SUPPLIED RECORDS:
§ §

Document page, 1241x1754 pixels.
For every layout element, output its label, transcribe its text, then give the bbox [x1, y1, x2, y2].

§ §

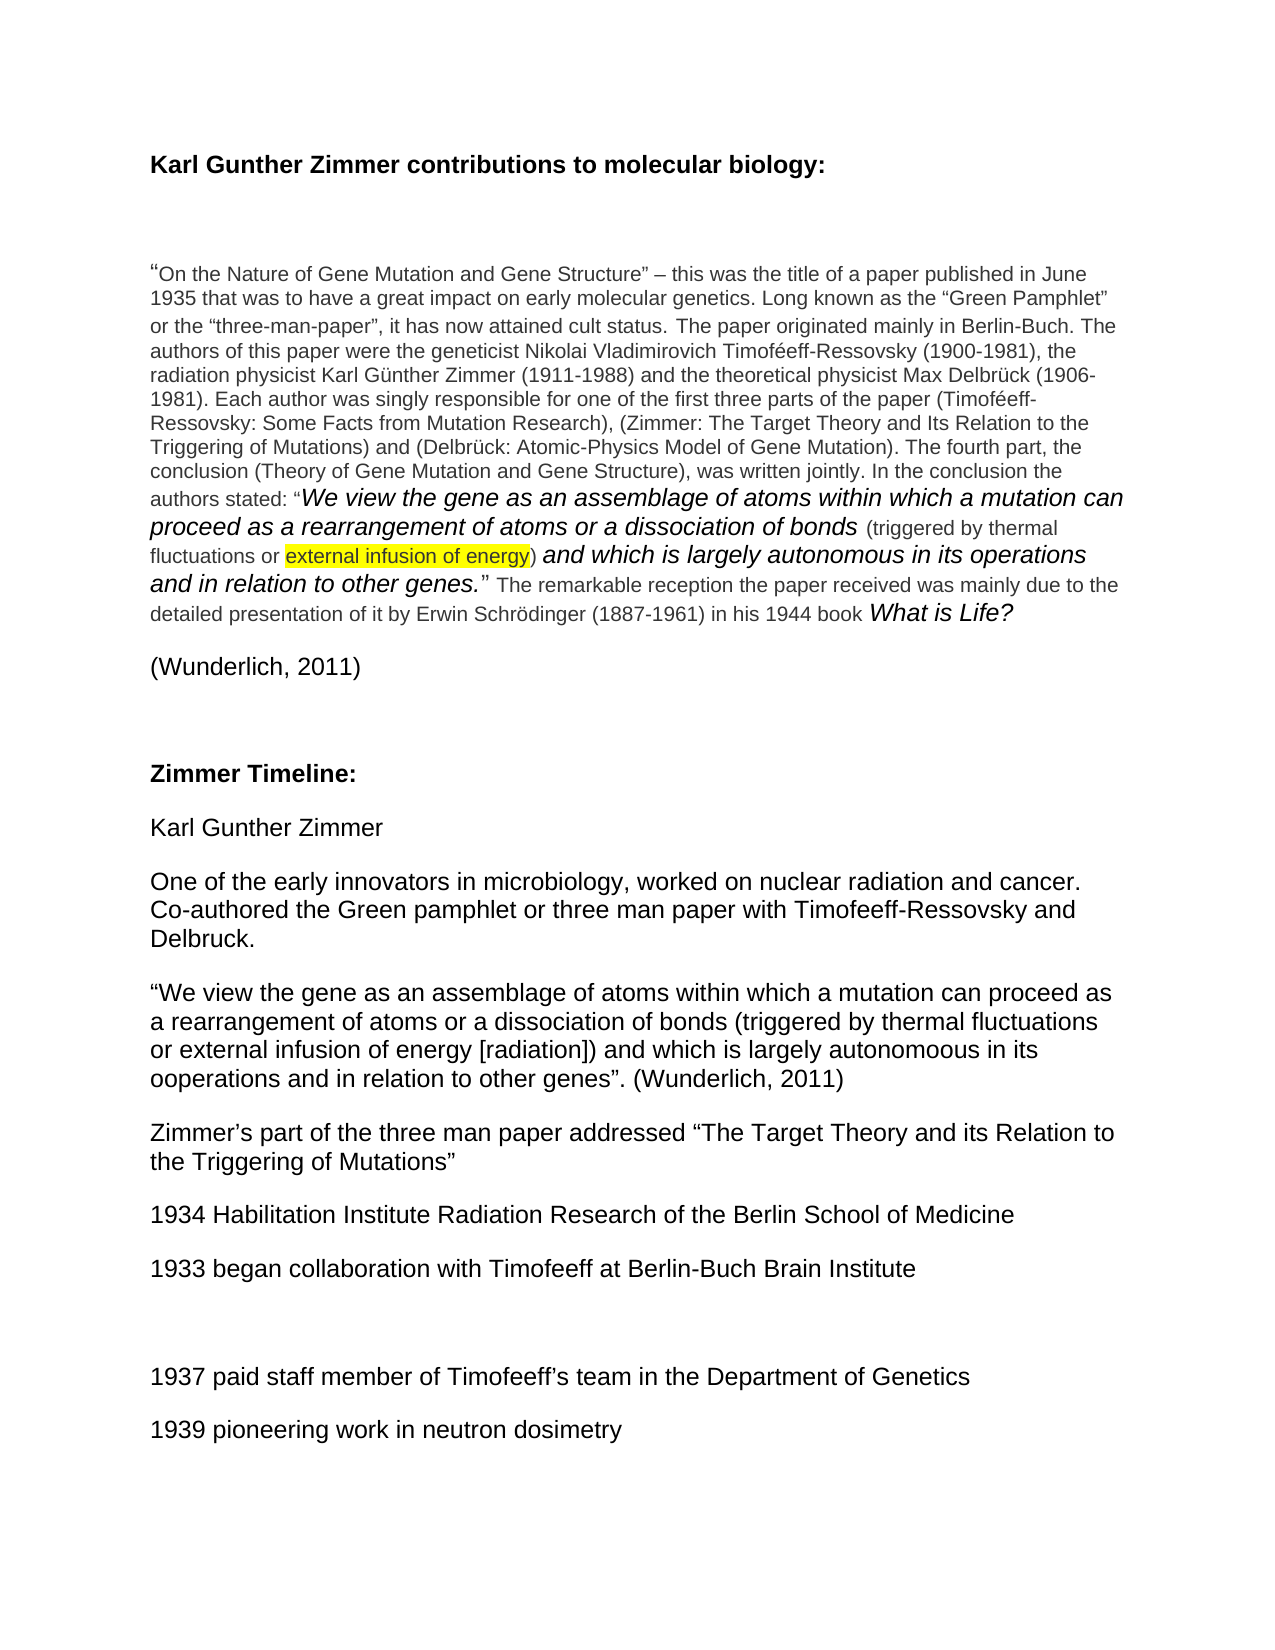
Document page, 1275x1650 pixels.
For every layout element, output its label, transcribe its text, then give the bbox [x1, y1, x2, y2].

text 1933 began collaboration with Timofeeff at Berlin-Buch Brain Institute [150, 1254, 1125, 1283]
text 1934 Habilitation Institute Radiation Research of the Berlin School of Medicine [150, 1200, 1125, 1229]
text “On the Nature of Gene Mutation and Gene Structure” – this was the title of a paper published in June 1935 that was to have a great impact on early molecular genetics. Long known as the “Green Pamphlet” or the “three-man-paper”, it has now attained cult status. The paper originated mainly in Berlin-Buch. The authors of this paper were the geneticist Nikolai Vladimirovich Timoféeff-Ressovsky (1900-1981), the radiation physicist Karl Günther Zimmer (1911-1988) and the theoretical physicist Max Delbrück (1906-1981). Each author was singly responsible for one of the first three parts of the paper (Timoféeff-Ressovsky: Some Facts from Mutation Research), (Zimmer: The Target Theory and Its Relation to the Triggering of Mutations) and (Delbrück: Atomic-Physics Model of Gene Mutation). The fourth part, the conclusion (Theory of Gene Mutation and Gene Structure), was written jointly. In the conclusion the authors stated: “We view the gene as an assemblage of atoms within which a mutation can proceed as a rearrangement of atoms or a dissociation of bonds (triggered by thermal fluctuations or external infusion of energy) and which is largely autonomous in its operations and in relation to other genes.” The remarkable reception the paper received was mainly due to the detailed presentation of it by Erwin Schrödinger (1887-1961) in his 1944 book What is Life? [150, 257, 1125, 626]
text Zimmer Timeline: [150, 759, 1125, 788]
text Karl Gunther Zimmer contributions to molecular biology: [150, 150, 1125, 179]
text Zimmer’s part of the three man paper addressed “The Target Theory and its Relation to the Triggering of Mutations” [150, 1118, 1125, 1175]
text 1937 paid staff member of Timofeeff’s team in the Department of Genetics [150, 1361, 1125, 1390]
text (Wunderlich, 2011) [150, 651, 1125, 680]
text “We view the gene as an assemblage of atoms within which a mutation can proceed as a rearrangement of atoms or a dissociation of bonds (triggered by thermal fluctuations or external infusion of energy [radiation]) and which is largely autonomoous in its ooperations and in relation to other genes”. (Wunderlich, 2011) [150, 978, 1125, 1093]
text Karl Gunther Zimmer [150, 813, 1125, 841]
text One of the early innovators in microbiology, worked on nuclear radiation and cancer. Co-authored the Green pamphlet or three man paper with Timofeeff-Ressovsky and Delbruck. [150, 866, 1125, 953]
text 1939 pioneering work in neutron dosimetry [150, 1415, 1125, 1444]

§ §

From the material above, copy every line that has the word "pixels" in it.

Document page, 1241x1754 pixels.
Document page, 1275x1650 pixels.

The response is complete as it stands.